Ultimately, the managing agent was able to come to an acceptable resolution with the sponsor. The resolution involved virtually no legal fees, and the economic benefit to the cooperative far exceeded what a lawsuit would likely have produced.

Another condominium client was involved in a dispute with the sponsor of an adjoining development over the use of shared common areas. After attempts to mediate the dispute short of litigation were unsuccessful, my firm was hired to start litigation.

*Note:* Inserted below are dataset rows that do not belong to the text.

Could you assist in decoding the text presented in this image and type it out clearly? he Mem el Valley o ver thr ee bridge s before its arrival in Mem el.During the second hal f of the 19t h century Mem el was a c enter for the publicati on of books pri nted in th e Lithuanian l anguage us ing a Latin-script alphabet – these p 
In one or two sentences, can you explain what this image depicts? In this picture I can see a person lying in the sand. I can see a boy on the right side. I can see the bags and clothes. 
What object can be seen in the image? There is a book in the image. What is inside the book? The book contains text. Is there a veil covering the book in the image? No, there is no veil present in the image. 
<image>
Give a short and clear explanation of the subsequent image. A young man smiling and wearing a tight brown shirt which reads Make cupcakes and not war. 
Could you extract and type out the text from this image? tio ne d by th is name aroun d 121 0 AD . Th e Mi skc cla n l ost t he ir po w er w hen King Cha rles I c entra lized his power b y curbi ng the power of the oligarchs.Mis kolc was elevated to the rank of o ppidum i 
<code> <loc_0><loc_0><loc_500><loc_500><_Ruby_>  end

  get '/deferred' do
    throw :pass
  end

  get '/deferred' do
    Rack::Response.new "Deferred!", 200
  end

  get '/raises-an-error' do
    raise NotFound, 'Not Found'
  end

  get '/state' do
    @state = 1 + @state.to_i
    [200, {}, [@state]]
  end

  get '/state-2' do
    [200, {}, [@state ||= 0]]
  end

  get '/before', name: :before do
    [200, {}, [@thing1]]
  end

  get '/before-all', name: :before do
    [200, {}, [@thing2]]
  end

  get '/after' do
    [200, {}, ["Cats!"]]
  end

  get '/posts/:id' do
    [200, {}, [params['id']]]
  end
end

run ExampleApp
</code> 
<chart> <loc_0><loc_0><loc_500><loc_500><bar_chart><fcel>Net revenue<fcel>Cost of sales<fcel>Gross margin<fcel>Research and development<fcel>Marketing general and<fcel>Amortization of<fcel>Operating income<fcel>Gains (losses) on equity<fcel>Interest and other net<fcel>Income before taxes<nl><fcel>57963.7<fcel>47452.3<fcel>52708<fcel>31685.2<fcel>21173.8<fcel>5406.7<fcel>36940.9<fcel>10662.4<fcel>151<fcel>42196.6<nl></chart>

We first analyzed the case and explained that while there were solid grounds for bringing and eventually prevailing in a lawsuit, it might not result a speedy resolution to the situation and would likely involve a costly trial since there did not appear to be any written agreements about the shared arrangements. I went over the potential cost of litigation and suggested that our client first attempt to open up direct communications with the sponsor to see if an acceptable resolution could be arrived at. I learned that attempts had been made but that the sponsor had rudely cut them off. Because of the acrimonious manner in which the sponsor had rebuffed the managing agent, our client declined my suggestion and requested that the litigation promptly proceed. They were beyond the point of negotiations and felt a judge was needed. The lawsuit has since proceeded to the preliminary pretrial discovery stages with the trial not expected until next year. The co-op is now concerned about the costs of discovery and a potential trial and would like to see if some compromise is possible.

 

COMMENT The first approach was more prudent. The property manager was able to convince the board of the benefits of direct communication and compromise despite the urging of some on the board to get tough and litigate. My years of experience with these types of disputes and litigation made it easy for me to see that this approach made sense even if some questioned this advice. However, the decision to adopt this conciliatory approach is not an easy one to make for boards whose rights have been breached and that have grown frustrated with a sponsor’s seeming disdain or disregard for the board. While such frustration and anger may be justified, a board has a duty to be realistic and pragmatic when faced with the decision of whether to litigate.

From the Desk of JJL:

I defended a lawsuit brought by a cooperative shareholder challenging a cooperative’s fine for the shareholder’s subtenant leaving garbage and debris scattered in the hallways. The shareholder argued that the debris did not belong to his apartment and questioned how the cooperative could know whose debris it was. I then reached into my files and offered into evidence the key to the case – a portion of the subtenant’s garbage that included a soiled piece of the subtenant’s junk mail.